[TASK DIRECTIONS] Copy each line below exactly as it appears. Pictures are to be omitted.
DATASET RECORDS below:
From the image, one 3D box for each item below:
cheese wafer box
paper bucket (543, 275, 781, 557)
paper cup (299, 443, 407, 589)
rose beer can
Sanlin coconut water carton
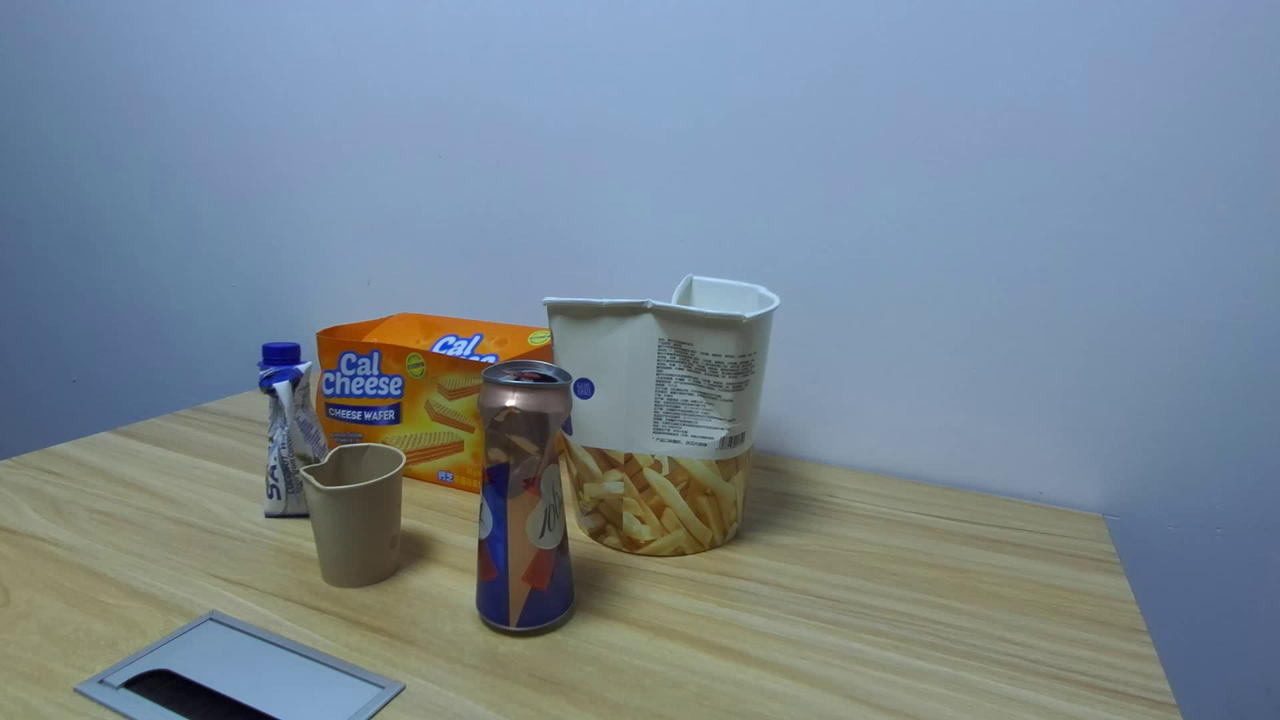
[{"bbox_3d":[-0.205,0.036,0.727,0.230,0.132,0.152,9,17,20],"label":"cheese wafer box"},{"bbox_3d":[0.023,0.036,0.595,0.168,0.202,0.163,8,15,14],"label":"paper bucket"},{"bbox_3d":[-0.202,0.112,0.507,0.073,0.081,0.069,15,19,41],"label":"paper cup"},{"bbox_3d":[-0.071,0.088,0.455,0.065,0.167,0.076,7,13,13],"label":"rose beer can"},{"bbox_3d":[-0.294,0.060,0.583,0.057,0.145,0.068,-6,22,-4],"label":"Sanlin coconut water carton"}]
End of DATASET RECORDS.
[YOUR SOLUTION]
From the image, one 3D box for each item below:
cheese wafer box
paper bucket (543, 275, 781, 557)
paper cup (299, 443, 407, 589)
rose beer can
Sanlin coconut water carton
[{"bbox_3d":[-0.205,0.036,0.727,0.230,0.132,0.152,9,17,20],"label":"cheese wafer box"},{"bbox_3d":[0.023,0.036,0.595,0.168,0.202,0.163,8,15,14],"label":"paper bucket"},{"bbox_3d":[-0.202,0.112,0.507,0.073,0.081,0.069,15,19,41],"label":"paper cup"},{"bbox_3d":[-0.071,0.088,0.455,0.065,0.167,0.076,7,13,13],"label":"rose beer can"},{"bbox_3d":[-0.294,0.060,0.583,0.057,0.145,0.068,-6,22,-4],"label":"Sanlin coconut water carton"}]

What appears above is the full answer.